● **EXERCISE INPUTS**

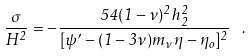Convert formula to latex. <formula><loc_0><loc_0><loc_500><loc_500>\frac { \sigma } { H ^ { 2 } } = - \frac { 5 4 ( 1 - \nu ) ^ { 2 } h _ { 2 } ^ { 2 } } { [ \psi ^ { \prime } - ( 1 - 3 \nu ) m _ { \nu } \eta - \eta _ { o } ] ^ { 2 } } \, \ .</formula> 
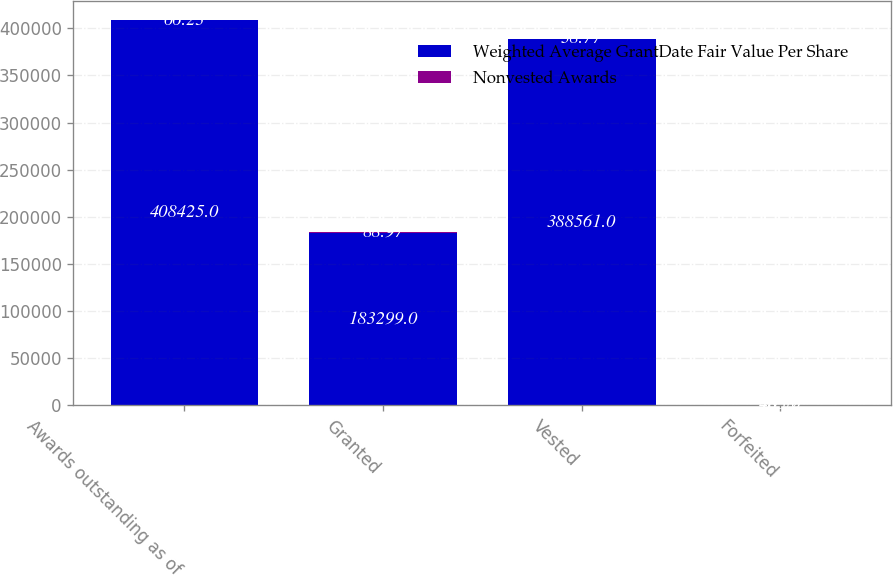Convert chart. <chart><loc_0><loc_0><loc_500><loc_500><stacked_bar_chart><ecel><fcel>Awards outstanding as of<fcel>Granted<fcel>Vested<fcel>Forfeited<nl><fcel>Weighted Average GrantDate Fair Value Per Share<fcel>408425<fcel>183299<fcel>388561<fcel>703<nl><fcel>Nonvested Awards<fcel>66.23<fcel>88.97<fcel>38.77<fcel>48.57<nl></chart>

==

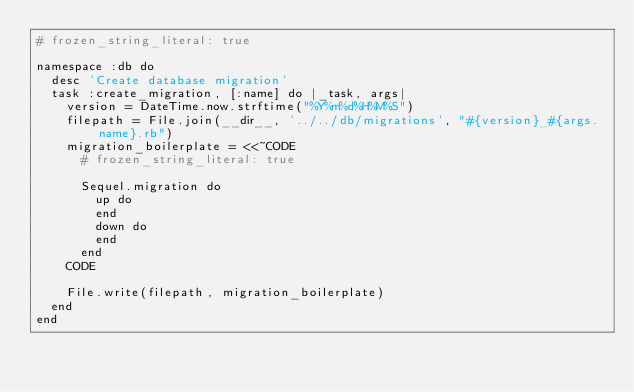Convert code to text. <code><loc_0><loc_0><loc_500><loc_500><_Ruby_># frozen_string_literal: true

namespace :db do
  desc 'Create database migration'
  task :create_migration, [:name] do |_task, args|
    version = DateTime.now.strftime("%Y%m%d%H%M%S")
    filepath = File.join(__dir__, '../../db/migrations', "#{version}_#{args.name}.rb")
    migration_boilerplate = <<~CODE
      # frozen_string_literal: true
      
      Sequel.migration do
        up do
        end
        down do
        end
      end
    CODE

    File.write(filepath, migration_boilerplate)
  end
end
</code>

● **TASK DESCRIPTION**
Reproduce, word for word, everything in the listing above from the line containing "Convert formula to" down to the line containing "Average GrantDate Fair", both of them included. No pictures.

● **YOUR RESPONSE**
Convert formula to latex. <formula><loc_0><loc_0><loc_500><loc_500>\frac { \sigma } { H ^ { 2 } } = - \frac { 5 4 ( 1 - \nu ) ^ { 2 } h _ { 2 } ^ { 2 } } { [ \psi ^ { \prime } - ( 1 - 3 \nu ) m _ { \nu } \eta - \eta _ { o } ] ^ { 2 } } \, \ .</formula> 
Convert chart. <chart><loc_0><loc_0><loc_500><loc_500><stacked_bar_chart><ecel><fcel>Awards outstanding as of<fcel>Granted<fcel>Vested<fcel>Forfeited<nl><fcel>Weighted Average GrantDate Fair Value Per Share<fcel>408425<fcel>183299<fcel>388561<fcel>703<nl><fcel>Nonvested Awards<fcel>66.23<fcel>88.97<fcel>38.77<fcel>48.57<nl></chart>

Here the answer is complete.